Step 1: Set up in Dialogflow

  1. Sign up for a Dialogflow account on https://cloud.google.com/dialogflow/docs/
  2. Create a project and an agent in Dialogflow based on the steps on https://developers.google.com/assistant/conversational/df-asdk/dialogflow/project-agent. If you have multiple intents in the agent, you may add training phrases to this HR_FAQ intent. However, there is no need to add the responses as the responses will be generated from our model in the local server.

Step 2: Develop Model in Python using Flask

Pre-trained DistilRoBERTa model is used to extract the sentence embeddings due to the small number of question-answer pairs in the knowledge base. Other variations of pre-trained model will also work, as long as the response time is within reasonable time limit. RoBERTa model was considered but not selected as the final model as it took about 16 seconds to generate a response as compared to 2 seconds by DistilRoBERTa.
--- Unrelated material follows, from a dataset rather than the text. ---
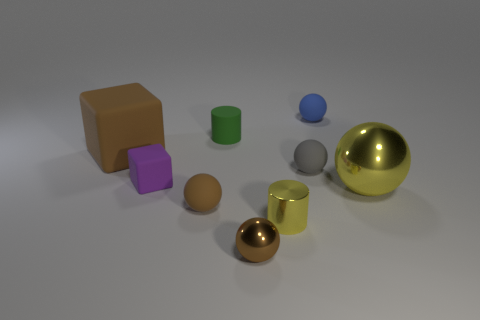How many brown spheres must be subtracted to get 1 brown spheres? 1 Subtract all brown cylinders. How many brown spheres are left? 2 Subtract all tiny metallic spheres. How many spheres are left? 4 Subtract all yellow balls. How many balls are left? 4 Subtract all cylinders. How many objects are left? 7 Subtract all gray spheres. Subtract all red cylinders. How many spheres are left? 4 Subtract all blue spheres. Subtract all small matte cylinders. How many objects are left? 7 Add 2 tiny purple matte things. How many tiny purple matte things are left? 3 Add 8 small gray objects. How many small gray objects exist? 9 Subtract 1 green cylinders. How many objects are left? 8

Based on the sentence embeddings, cosine similarity is calculated between the query and questions to identify the most similar question. The model then uses the retrieval approach to search for the corresponding answer that matches the most similar question.

Model

Step 3: Deploy Model & Integrate with Dialogflow using Webhook & Ngrok

  1. Download ngrok on your computer at https://ngrok.com/download. It is a popular tunneling tool to expose the application to the internet and receive the webhook from Dialogflow to the application.
  2. Start ngrok.
  3. We assume that our application is running locally on port 5000 for flask. Hence, type in "ngrok http 5000" into the ngrok application.
  4. Copy the https forwarding address to integrate with Dialogflow.
  5. Paste the https url to the Webhook field in the Fulfillment tab of Dialogflow. Add "/webhook" to the end of the url. The format of the final url will look like https://xxxxxxxxxxxx.io/webhook. For more information, you may refer to the "Enable and manage fulfillment" section on https://cloud.google.com/dialogflow/es/docs/fulfillment-webhook
  6. To enable fulfillment, go to the HR_FAQ intent and turn on the "enable webhook call for this intent". Click save.

Step 4: Test the Chatbot

Enter a test query in the test console of Dialogflow to make sure that the chatbot is working well.